[Start of section]

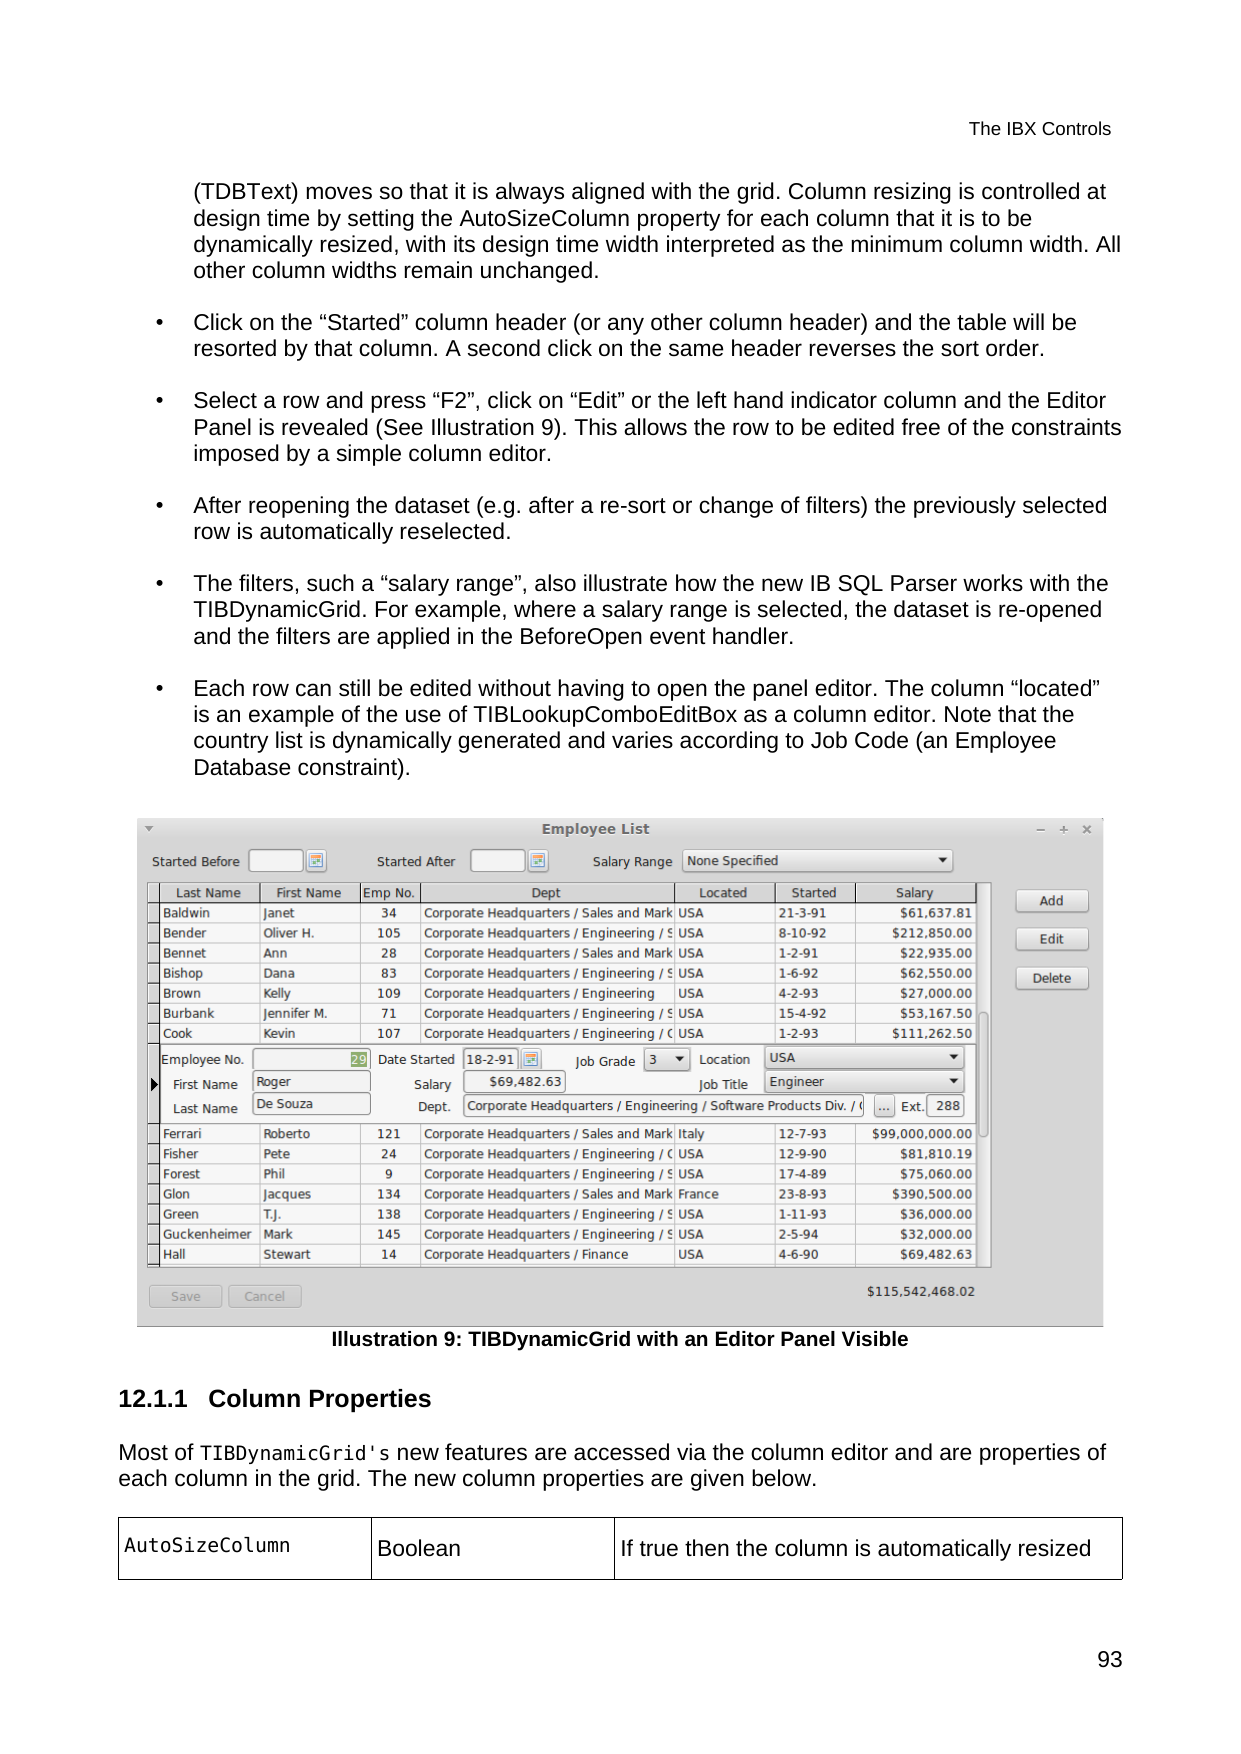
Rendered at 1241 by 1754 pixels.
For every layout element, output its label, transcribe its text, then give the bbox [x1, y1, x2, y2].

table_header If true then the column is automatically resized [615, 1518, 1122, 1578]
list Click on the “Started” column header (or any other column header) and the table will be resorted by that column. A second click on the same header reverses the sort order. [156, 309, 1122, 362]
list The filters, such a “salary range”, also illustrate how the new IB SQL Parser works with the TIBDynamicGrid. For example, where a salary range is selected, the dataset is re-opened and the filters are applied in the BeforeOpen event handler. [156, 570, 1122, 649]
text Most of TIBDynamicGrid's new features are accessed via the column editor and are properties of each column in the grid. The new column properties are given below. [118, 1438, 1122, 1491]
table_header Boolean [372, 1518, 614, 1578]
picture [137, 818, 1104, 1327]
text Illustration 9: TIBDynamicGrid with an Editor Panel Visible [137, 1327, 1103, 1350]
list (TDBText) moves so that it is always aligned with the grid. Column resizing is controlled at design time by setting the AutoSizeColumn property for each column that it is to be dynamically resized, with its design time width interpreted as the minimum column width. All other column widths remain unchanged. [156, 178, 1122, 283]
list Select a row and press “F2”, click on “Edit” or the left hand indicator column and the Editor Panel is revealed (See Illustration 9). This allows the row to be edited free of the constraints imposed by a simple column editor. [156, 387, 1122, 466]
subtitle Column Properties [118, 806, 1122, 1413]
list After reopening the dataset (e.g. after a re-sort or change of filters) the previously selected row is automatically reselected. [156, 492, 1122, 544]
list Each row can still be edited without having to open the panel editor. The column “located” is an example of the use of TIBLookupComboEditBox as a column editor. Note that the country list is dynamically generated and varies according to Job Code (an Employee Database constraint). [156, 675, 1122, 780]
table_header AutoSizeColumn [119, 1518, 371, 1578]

[End of section]

Work required ::
Only an exact copy of the lines from the top of the entries through the line with "list Click on", both included, should be given, with all pictures omitted.

Task solution ::
Rendered at 1241 by 1754 pixels.
For every layout element, output its label, transcribe its text, then give the bbox [x1, y1, x2, y2].

table_header If true then the column is automatically resized [615, 1518, 1122, 1578]
list Click on the “Started” column header (or any other column header) and the table will be resorted by that column. A second click on the same header reverses the sort order. [156, 309, 1122, 362]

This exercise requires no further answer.